* Work instructions *
Copy, word for word, the opening line of the data and each line after it until the line that contains "msp = doc.modelspace()", which is included. Leave the pictures out.

=== Section Start ===

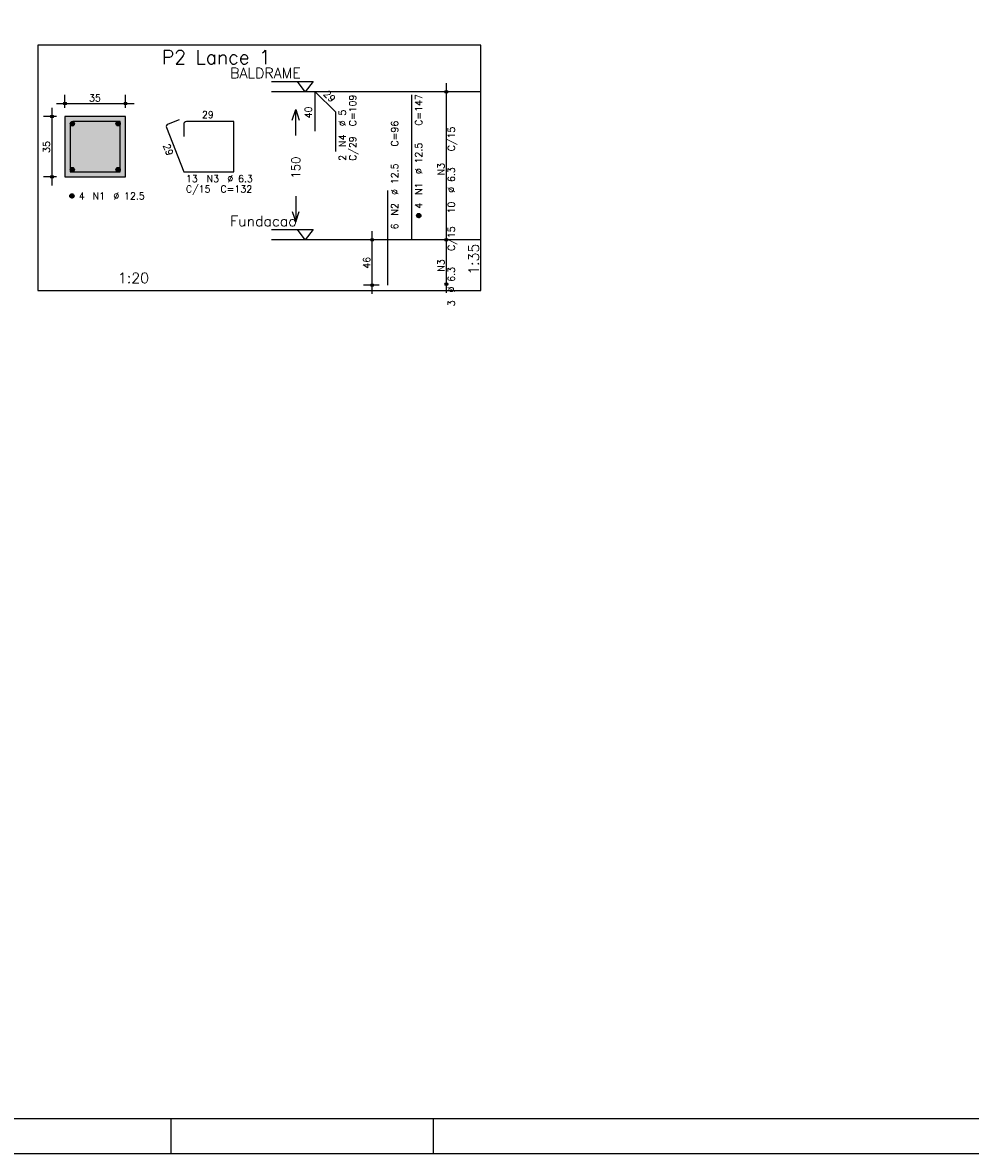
# Model space of a CAD drawing. Extents: x 0 to 84.1, y 0 to 59.4.
# Tile 2 of 8: x 16.7 to 44.1, y 0 to 32.7. Entities that reach past the tile are written whole.
import ezdxf

# ---------------------------------------------------------------- set-up
doc = ezdxf.new("R2010")
doc.units = 0
doc.header["$MEASUREMENT"] = 0
doc.linetypes.add('ESTILO_TQS_0002', pattern=[0.4, 0.1, -0.3])
for name, color, linetype in [('1', 1, 'CONTINUOUS'), ('2', 2, 'CONTINUOUS'), ('3', 3, 'CONTINUOUS'), ('4', 4, 'CONTINUOUS'), ('6', 6, 'CONTINUOUS'), ('7', 7, 'CONTINUOUS'), ('9', 9, 'CONTINUOUS')]:
    doc.layers.add(name, color=color, linetype=linetype)
doc.styles.get("Standard").update_dxf_attribs({"font": 'ROMANS.SHX'})

msp = doc.modelspace()

# ---------------------------------------------------------------- linework, layer by layer
at = {"layer": '1', "linetype": 'Continuous'}
for points in [[(17.1493, 24.981854), (29.9743, 24.981854), (29.9743, 32.081854), (17.1493, 32.081854), (17.1493, 24.981854)], [(23.9143, 31.031854), (25.1143, 31.031854), (24.8893, 30.731854), (24.6643, 31.031854)], [(29.9743, 30.731854), (23.9143, 30.731854)], [(23.9143, 26.74614), (25.1143, 26.74614), (24.8893, 26.44614), (24.6643, 26.74614)], [(29.9743, 26.44614), (23.9143, 26.44614)]]:
    msp.add_lwpolyline(points, dxfattribs=at)
at = {"layer": '1', "linetype": 'ESTILO_TQS_0002'}
msp.add_lwpolyline([(17.9343, 28.266497), (19.6843, 28.266497), (19.6843, 30.016497), (17.9343, 30.016497), (17.9343, 28.266497)], dxfattribs=at)
at = {"layer": '2', "linetype": 'Continuous'}
for p, q in [((28.9743, 26.19614), (28.9743, 30.981854)), ((17.9343, 30.266497), (17.9343, 30.641497)), ((19.6843, 30.266497), (19.6843, 30.641497)), ((28.9743, 30.731854), (28.9743, 30.731854)), ((17.5593, 28.016497), (17.5593, 30.266497)), ((17.6843, 30.391497), (19.9343, 30.391497)), ((17.6843, 30.016497), (17.3093, 30.016497)), ((17.9343, 30.016497), (17.9343, 30.016497)), ((17.9343, 30.016497), (17.9343, 30.016497)), ((19.6843, 30.016497), (19.6843, 30.016497)), ((17.6843, 28.266497), (17.3093, 28.266497)), ((17.9343, 28.266497), (17.9343, 28.266497)), ((26.8243, 24.881854), (26.8243, 26.69614)), ((28.9743, 24.910426), (28.9743, 26.69614)), ((27.0243, 26.44614), (26.5743, 26.44614)), ((27.2743, 26.44614), (27.2743, 26.44614)), ((28.9743, 26.44614), (28.9743, 26.44614)), ((28.9743, 26.44614), (28.9743, 26.44614)), ((27.0243, 25.131854), (26.5743, 25.131854)), ((27.2743, 25.131854), (27.2743, 25.131854)), ((28.9743, 25.160426), (28.9743, 25.160426)), ((21, 1), (21, 0)), ((28.600006, 0), (28.600006, 1)), ((0, 0), (84.100006, 0))]:
    msp.add_line(p, q, dxfattribs=at)
for points in [[(83.100006, 1), (2.5, 1), (2.5, 58.400002), (83.100006, 58.400002), (83.100006, 1)], [(24.5143, 29.913997), (24.6143, 30.213997), (24.7143, 29.913997)], [(24.6143, 29.463997), (24.6143, 30.213997)], [(17.9343, 28.266497), (19.6843, 28.266497), (19.6843, 30.016497), (17.9343, 30.016497), (17.9343, 28.266497)], [(24.6143, 27.713997), (24.6143, 26.963997)], [(24.5143, 27.263997), (24.6143, 26.963997), (24.7143, 27.263997)]]:
    msp.add_lwpolyline(points, dxfattribs=at)
for centre, radius in [((28.9743, 30.731854), 0.041625), ((28.9743, 30.731854), 0.02075), ((17.9343, 30.391497), 0.04), ((17.9343, 30.391497), 0.02), ((19.6843, 30.391497), 0.04), ((19.6843, 30.391497), 0.02), ((17.5593, 30.016497), 0.04), ((17.5593, 30.016497), 0.02), ((17.5593, 28.266497), 0.04), ((17.5593, 28.266497), 0.02), ((26.8243, 26.44614), 0.04), ((26.8243, 26.44614), 0.02), ((28.9743, 26.44614), 0.041625), ((28.9743, 26.44614), 0.041625), ((28.9743, 26.44614), 0.02075), ((28.9743, 26.44614), 0.02075), ((26.8243, 25.131854), 0.04), ((26.8243, 25.131854), 0.02), ((28.9743, 25.160426), 0.041625), ((28.9743, 25.160426), 0.02075)]:
    msp.add_circle(centre, radius, dxfattribs=at)
at = {"layer": '3', "linetype": 'Continuous'}
for p, q in [((18.084956, 29.795186), (18.15561, 29.86584)), ((18.084965, 29.812872), (18.137981, 29.865889)), ((18.088631, 29.781184), (18.169638, 29.86219)), ((18.094682, 29.769556), (18.181271, 29.856146)), ((18.102628, 29.759826), (18.191008, 29.848205)), ((18.112362, 29.751881), (18.198959, 29.838479)), ((18.123998, 29.74584), (18.204958, 29.8268)), ((18.137973, 29.742137), (18.208693, 29.812857)), ((18.155678, 29.742164), (18.208697, 29.795184)), ((19.409956, 29.795186), (19.48061, 29.86584)), ((19.409965, 29.812872), (19.462981, 29.865889)), ((19.413631, 29.781184), (19.494638, 29.86219)), ((19.419682, 29.769556), (19.506271, 29.856146)), ((19.427628, 29.759826), (19.516008, 29.848205)), ((19.437362, 29.751881), (19.523959, 29.838479)), ((19.448998, 29.74584), (19.529958, 29.8268)), ((19.462973, 29.742137), (19.533693, 29.812857)), ((19.480678, 29.742164), (19.533697, 29.795184)), ((18.084956, 28.470186), (18.15561, 28.54084)), ((18.084965, 28.487872), (18.137981, 28.540889)), ((18.088631, 28.456184), (18.169638, 28.53719)), ((18.094682, 28.444556), (18.181271, 28.531146)), ((18.102628, 28.434826), (18.191008, 28.523205)), ((18.112362, 28.426881), (18.198959, 28.513479)), ((18.123998, 28.42084), (18.204958, 28.5018)), ((18.137973, 28.417137), (18.208693, 28.487857)), ((19.409956, 28.470186), (19.48061, 28.54084)), ((19.409965, 28.487872), (19.462981, 28.540889)), ((19.413631, 28.456184), (19.494638, 28.53719)), ((19.419682, 28.444556), (19.506271, 28.531146)), ((19.427628, 28.434826), (19.516008, 28.523205)), ((19.437362, 28.426881), (19.523959, 28.513479)), ((19.448998, 28.42084), (19.529958, 28.5018)), ((19.462973, 28.417137), (19.533693, 28.487857)), ((18.155678, 28.417164), (18.208697, 28.470184)), ((19.480678, 28.417164), (19.533697, 28.470184)), ((18.072456, 27.707686), (18.14311, 27.77834)), ((18.072465, 27.725372), (18.125481, 27.778389)), ((18.076131, 27.693684), (18.157138, 27.77469)), ((18.082182, 27.682056), (18.168771, 27.768646)), ((18.090128, 27.672326), (18.178508, 27.760705)), ((18.099862, 27.664381), (18.186459, 27.750979)), ((18.111498, 27.65834), (18.192458, 27.7393)), ((18.125473, 27.654637), (18.196193, 27.725357)), ((18.143178, 27.654664), (18.196197, 27.707684)), ((28.112456, 27.137329), (28.18311, 27.207983)), ((28.112465, 27.155015), (28.165481, 27.208032)), ((28.116131, 27.123327), (28.197138, 27.204333)), ((28.122182, 27.111699), (28.208771, 27.198289)), ((28.130128, 27.101968), (28.218508, 27.190348)), ((28.139862, 27.094024), (28.226459, 27.180622)), ((28.151498, 27.087983), (28.232458, 27.168943)), ((28.165473, 27.08428), (28.236193, 27.155)), ((28.183178, 27.084307), (28.236197, 27.137327))]:
    msp.add_line(p, q, dxfattribs=at)
for centre in [(18.1468, 29.803997), (19.4718, 29.803997), (18.1468, 28.478997), (19.4718, 28.478997), (18.1343, 27.716497), (28.1743, 27.14614)]:
    msp.add_circle(centre, 0.0625, dxfattribs=at)
at = {"layer": '4', "linetype": 'Continuous'}
for p, q in [((18.08405, 29.787997), (18.08405, 28.416247)), ((18.08405, 29.787997), (18.08405, 29.437997)), ((18.5128, 29.866747), (18.1628, 29.866747)), ((19.53455, 29.866747), (18.1628, 29.866747)), ((19.53455, 28.416247), (19.53455, 29.866747)), ((18.08405, 28.416247), (19.53455, 28.416247))]:
    msp.add_line(p, q, dxfattribs=at)
msp.add_arc((18.1628, 29.787997), 0.07875, 90, 180, dxfattribs=at)
msp.add_arc((18.1628, 29.787997), 0.07875, 90, 180, dxfattribs=at)
at = {"layer": '6', "linetype": 'Continuous'}
for p, q in [((25.178417, 29.588997), (25.178417, 30.731854)), ((25.178417, 30.731854), (25.764306, 30.145966)), ((27.9743, 26.44614), (27.9743, 30.64614)), ((25.764306, 30.145966), (25.764306, 29.003109)), ((21.2421, 29.923237), (20.916178, 29.795663)), ((21.37155, 29.787997), (21.37155, 29.437997)), ((22.82205, 29.866747), (21.4503, 29.866747)), ((22.82205, 28.416247), (22.82205, 29.866747)), ((20.87155, 29.693627), (21.37155, 28.416247)), ((21.37155, 28.416247), (22.82205, 28.416247)), ((27.2743, 25.131854), (27.2743, 27.874711))]:
    msp.add_line(p, q, dxfattribs=at)
for centre, start, end in [((20.944882, 29.722331), 111.376686, 201.376686), ((21.4503, 29.787997), 90, 180)]:
    msp.add_arc(centre, 0.07875, start, end, dxfattribs=at)
at = {"layer": '9', "linetype": 'Continuous'}
for points in [[(17.9343, 28.266497), (19.6843, 28.266497), (19.6843, 30.016497)], [(17.9343, 28.266497), (19.6843, 30.016497), (17.9343, 30.016497)], [(17.9343, 28.266497), (17.9343, 30.016497), (17.9343, 28.266497)]]:
    msp.add_solid(points, dxfattribs=at)

# ---------------------------------------------------------------- texts
at = {"layer": '1', "linetype": 'Continuous'}
for s, p in [('BALDRAME', (22.7143, 31.121854)), ('Fundacao', (22.7143, 26.83614))]:
    msp.add_text(s, height=0.3, dxfattribs=at).set_placement(p)
at = {"layer": '2', "linetype": 'Continuous'}
for s, height, p in [('35', 0.2, (18.6293, 30.451497)), ('1', 0.01, (29.7643, 30.731854)), ('29', 0.2, (21.8968, 29.966747)), ('13', 0.2, (21.4343, 28.116497)), ('N3', 0.2, (22.0343, 28.116497)), ('%%c 6.3', 0.2, (22.6343, 28.116497)), ('%%c 12.5', 0.2, (19.3343, 27.616497)), ('C/15', 0.2, (21.4343, 27.816497)), ('C=132', 0.2, (22.4343, 27.816497)), ('4', 0.2, (18.3343, 27.616497)), ('N1', 0.2, (18.7343, 27.616497)), ('0', 0.01, (29.7643, 26.44614)), ('1:20', 0.3, (19.4668, 25.191854))]:
    msp.add_text(s, height=height, dxfattribs=at).set_placement(p)
for s, height, rotation, p in [('29', 0.2, 315, (25.400651, 30.651042)), ('C=109', 0.2, 90, (26.3643, 29.731854)), ('C=147', 0.2, 90, (28.2743, 29.74614)), ('40', 0.2, 90, (25.078417, 29.960426)), ('%%c 5', 0.2, 90, (26.0643, 29.731854)), ('N4', 0.2, 90, (26.0643, 29.131854)), ('C=96', 0.2, 90, (27.5743, 29.14614)), ('C/15', 0.2, 90, (29.2143, 29.008997)), ('35', 0.2, 90, (17.4993, 28.961497)), ('29', 0.2, 290.164016, (20.770995, 29.181376)), ('C/29', 0.2, 90, (26.3643, 28.731854)), ('2', 0.2, 90, (26.0643, 28.731854)), ('%%c 12.5', 0.2, 90, (28.2743, 28.34614)), ('150', 0.25, 90, (24.7393, 28.213997)), ('%%c 12.5', 0.2, 90, (27.5743, 27.74614)), ('N3', 0.2, 90, (28.9143, 28.308997)), ('%%c 6.3', 0.2, 90, (29.2143, 27.808997)), ('N1', 0.2, 90, (28.2743, 27.74614)), ('10', 0.2, 90, (29.2143, 27.208997)), ('N2', 0.2, 90, (27.5743, 27.14614)), ('4', 0.2, 90, (28.2743, 27.34614)), ('6', 0.2, 90, (27.5743, 26.74614)), ('C/15', 0.2, 90, (29.2143, 26.123283)), ('1:35', 0.3, 90, (29.9143, 25.431854)), ('46', 0.2, 90, (26.7643, 25.608997)), ('N3', 0.2, 90, (28.9143, 25.523283)), ('%%c 6.3', 0.2, 90, (29.2143, 24.923283)), ('3', 0.2, 90, (29.2143, 24.523283))]:
    msp.add_text(s, height=height, rotation=rotation, dxfattribs=at).set_placement(p)
at = {"layer": '7', "linetype": 'Continuous'}
msp.add_text('P2 Lance 1', height=0.4, dxfattribs=at).set_placement((20.7368, 31.531854))

doc.saveas('drawing.dxf')

=== Section End ===

* Answer to this exercise *
# Model space of a CAD drawing. Extents: x 0 to 84.1, y 0 to 59.4.
# Tile 2 of 8: x 16.7 to 44.1, y 0 to 32.7. Entities that reach past the tile are written whole.
import ezdxf

# ---------------------------------------------------------------- set-up
doc = ezdxf.new("R2010")
doc.units = 0
doc.header["$MEASUREMENT"] = 0
doc.linetypes.add('ESTILO_TQS_0002', pattern=[0.4, 0.1, -0.3])
for name, color, linetype in [('1', 1, 'CONTINUOUS'), ('2', 2, 'CONTINUOUS'), ('3', 3, 'CONTINUOUS'), ('4', 4, 'CONTINUOUS'), ('6', 6, 'CONTINUOUS'), ('7', 7, 'CONTINUOUS'), ('9', 9, 'CONTINUOUS')]:
    doc.layers.add(name, color=color, linetype=linetype)
doc.styles.get("Standard").update_dxf_attribs({"font": 'ROMANS.SHX'})

msp = doc.modelspace()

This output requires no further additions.